つまり、希望もなく、毎回、永遠にそれが続くように体験されていたのではないかと私は察します。そうだとすれば、時間概念というものが、虐待を受けている時の彼女には失われていたということが言えるのかもしれません。
 時間ということに話が逸れましたが、彼女もやはり母親の粘着性のことを語っていました。もちろん、粘着的などという言葉を彼女が用いたわけではありませんが、やはり母親が一つのことをしつこく蒸し返すのです。終わりが見えたかと思うと、母親が再び振り出しに戻るのです。そうして、それがいつ終わるかということは、いつも母親の気分次第だったのです。

(102―8)本項のまとめ
 親子関係の問題の一環として、今後とも「虐待」の問題は取り上げていく予定でおります。それが虐待であるかどうかは、虐待を受ける側が評価することであり、また、虐待に特有と思われる特徴は、行為の種類や時間の長短にあるのではなく、虐待する側の粘着性にあるということを述べました。そして、この粘着的ということがどういう現象のことを指しているのかということを述べてきました。なぜ、虐待する側にそのような粘着性が見られるのかということも今後考えていきたいと思います。

(102―9)注と補足
(注1)目の前に虐待を経験した人がいて、自分が受けた虐待を話しているとします。私はそれを聴き入っています。その人が打撃を受けた箇所に、私も痛みを感じることがあります。もちろん、その痛みというのは現実のものではないということは自覚しているのですが、聴いていて、「痛い」という体験を私はすることがあります。私が避けようとしてしまうのは、私に感じられているこの「痛み」なのです。「虐待問題」そのもの、あるいは虐待に関係している人たちそのものを避けているという意味ではありません。
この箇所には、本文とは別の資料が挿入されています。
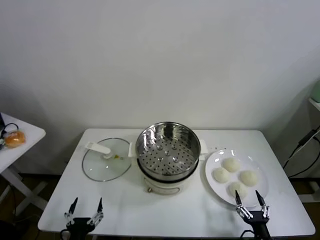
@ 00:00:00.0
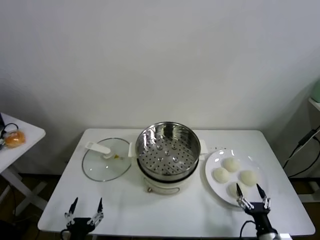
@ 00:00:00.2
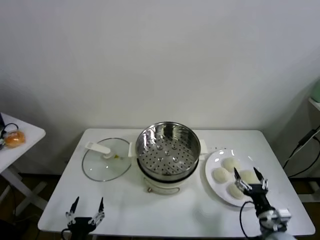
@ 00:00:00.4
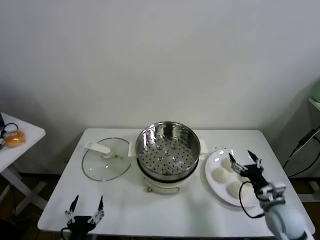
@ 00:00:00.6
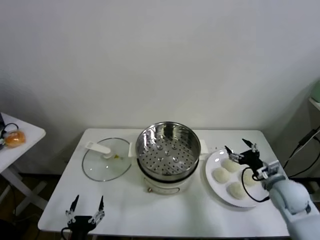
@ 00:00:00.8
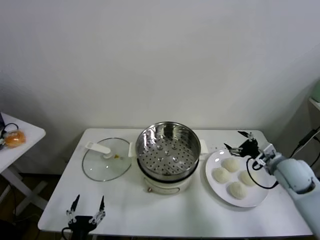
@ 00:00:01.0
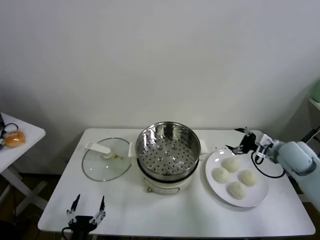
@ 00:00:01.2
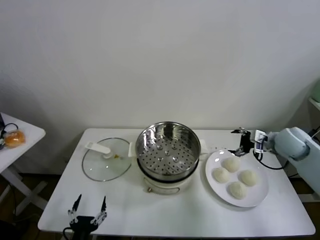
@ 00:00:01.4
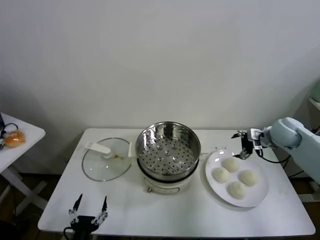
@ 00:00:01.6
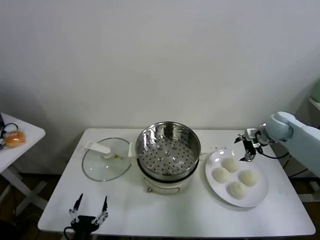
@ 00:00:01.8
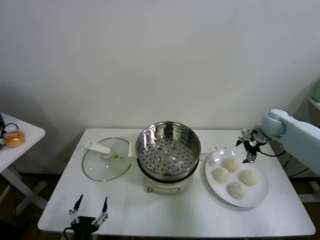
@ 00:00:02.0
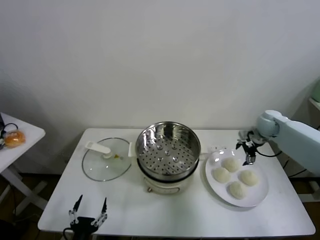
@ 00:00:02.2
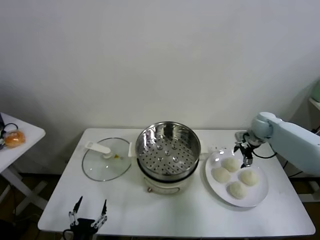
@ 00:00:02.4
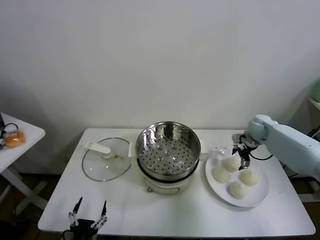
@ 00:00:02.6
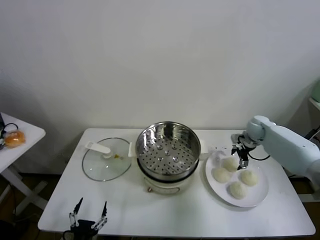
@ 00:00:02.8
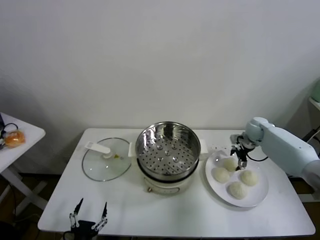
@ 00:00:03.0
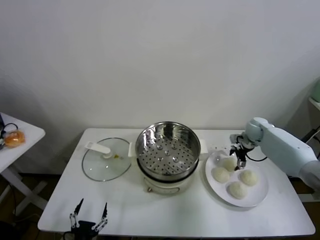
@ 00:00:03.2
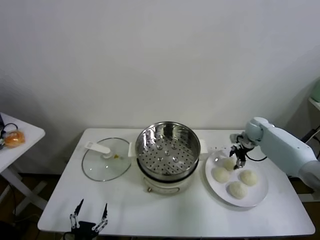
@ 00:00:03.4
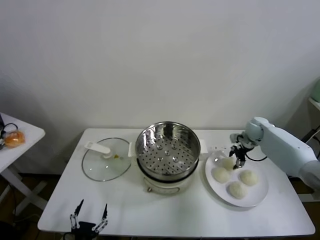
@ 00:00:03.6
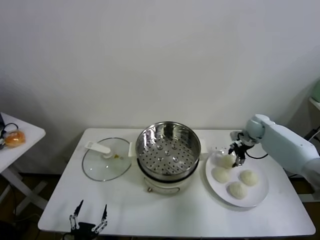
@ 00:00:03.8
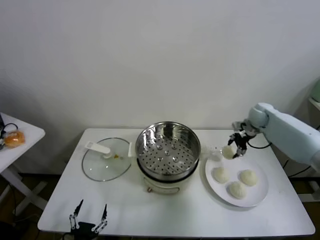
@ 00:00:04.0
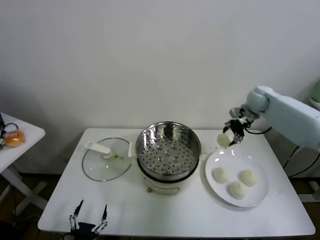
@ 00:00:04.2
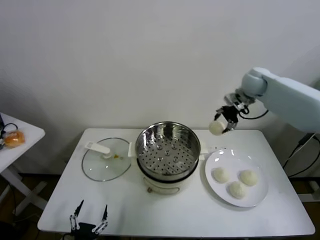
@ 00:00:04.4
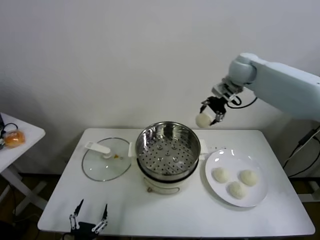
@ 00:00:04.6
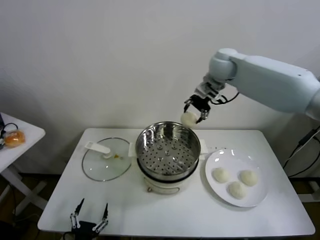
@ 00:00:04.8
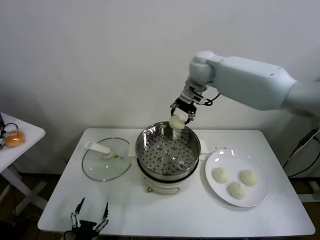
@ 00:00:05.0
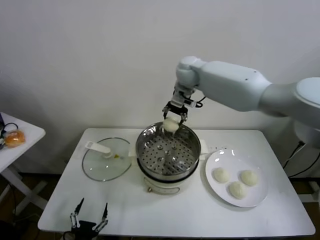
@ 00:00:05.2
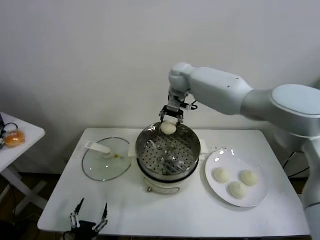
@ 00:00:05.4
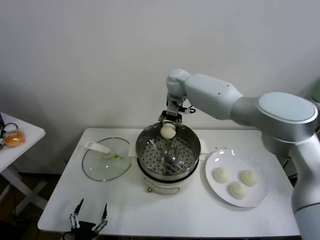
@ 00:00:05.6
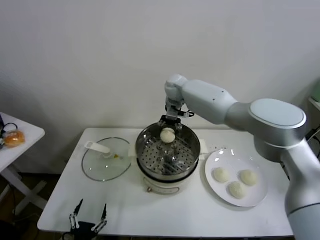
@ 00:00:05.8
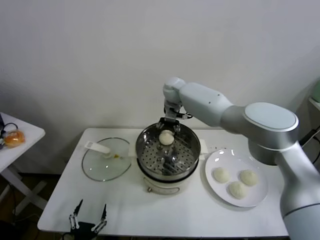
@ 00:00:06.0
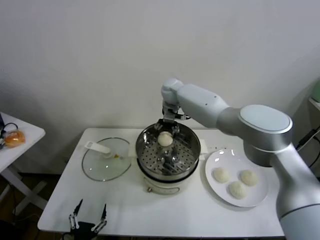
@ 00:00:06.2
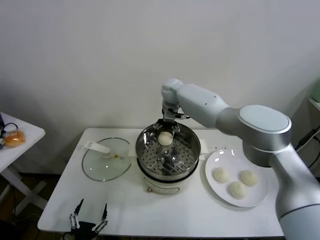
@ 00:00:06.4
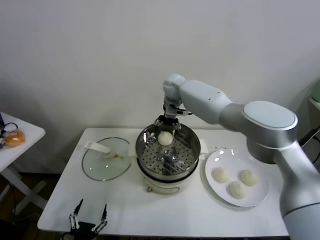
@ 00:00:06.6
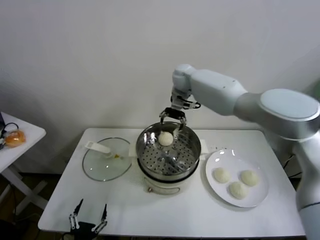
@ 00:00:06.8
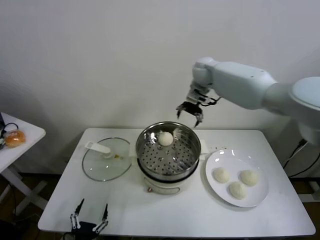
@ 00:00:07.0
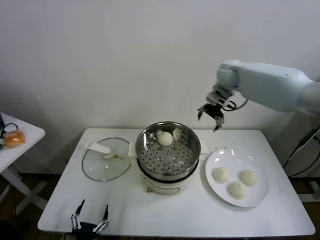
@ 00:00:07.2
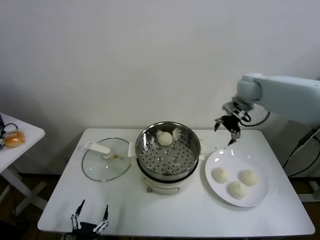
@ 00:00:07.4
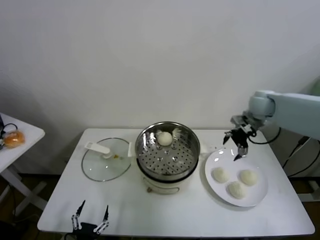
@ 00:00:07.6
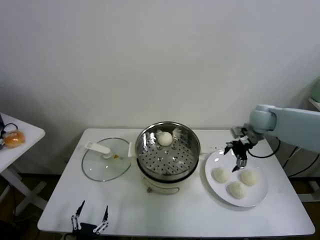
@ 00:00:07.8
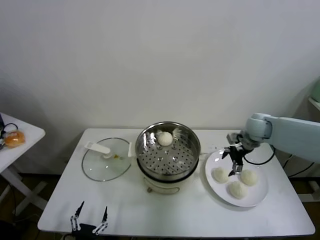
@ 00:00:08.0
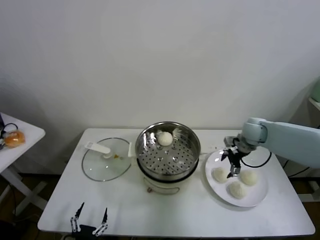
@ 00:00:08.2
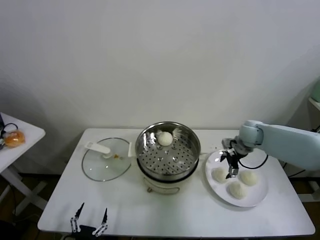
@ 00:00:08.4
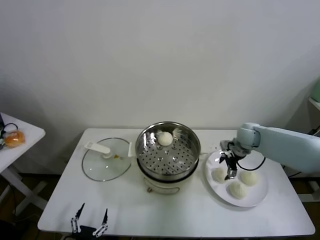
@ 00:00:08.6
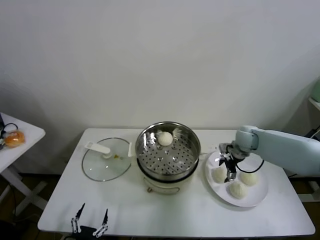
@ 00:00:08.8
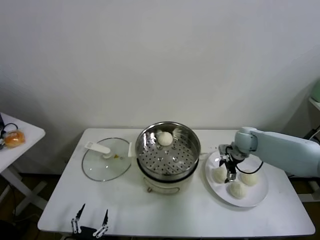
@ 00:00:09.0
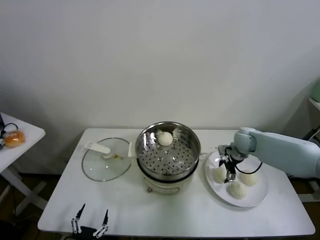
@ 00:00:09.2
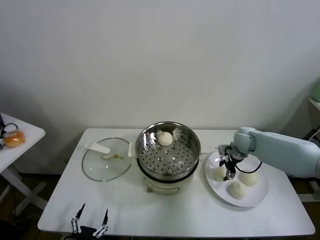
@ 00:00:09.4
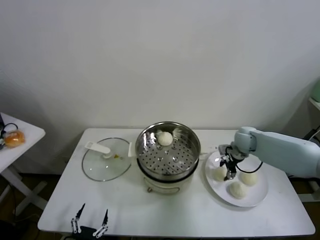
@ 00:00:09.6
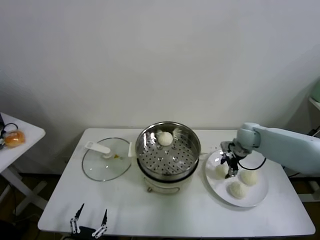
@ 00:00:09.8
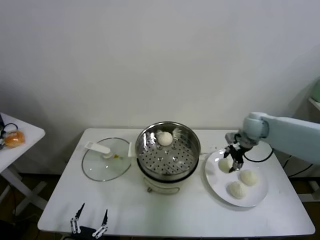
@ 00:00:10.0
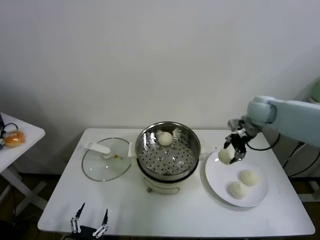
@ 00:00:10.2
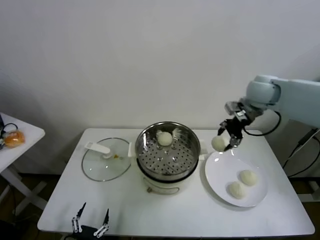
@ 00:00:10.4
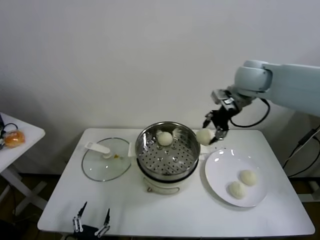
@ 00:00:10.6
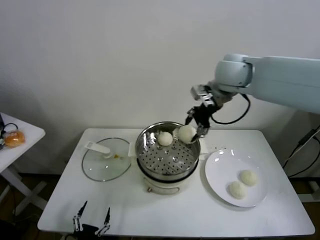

(注2)例えば夫婦関係のことで相談に来られた女性がいました。話題の大半は彼女の夫のことです。しかし、子供が関係するエピソードにおいて、虐待を思わせるような節が感じられるのです。ただ、彼女は子供のことをはっきりとは話しませんでした。恐らく虐待の問題を孕んでいたのだろうとは思うのですが、この例では確証がないのです。しかし、後になって、そういうエピソードが面接の中で現れてくるということもあります。虐待する側の人とお会いする時というのは、このような場合です。

(注3)子供の方が大人よりも時間を長いものとして経験するということに関して、私たちは加齢とともに時間の過ぎるのが速く感じられるということを経験的に知っています。小学校一年生の時の夏休みは、私には永遠に続くほど長いものでした。その後、学年が上がるにつれて、同じ日数の夏休みがだんだん短く感じられていったのを覚えております。この現象が生じるのは、子供の方が脳の活動が活発だからであると読んだことがあります。同じ五分間であっても、子供の方がよりたくさんの情報を吸収、処理しているために、時間を長く感じるということです。要は、大人の五分と子供の五分とでは、質的にも、その体験としても、まったく異なるということです。

(注4)大人であっても、愉しいことをしている時間と苦痛なことをしている時間とでは、その感じられる時間の長さが異なります。あなたもそういう体験をされたことがあるかと思います。母親から叱られるということは、子供にとっては楽しい体験ではないはずです。そういう点から見ても、子供がその場をいかに永遠的なものとして体験しているかということが予測できるのです。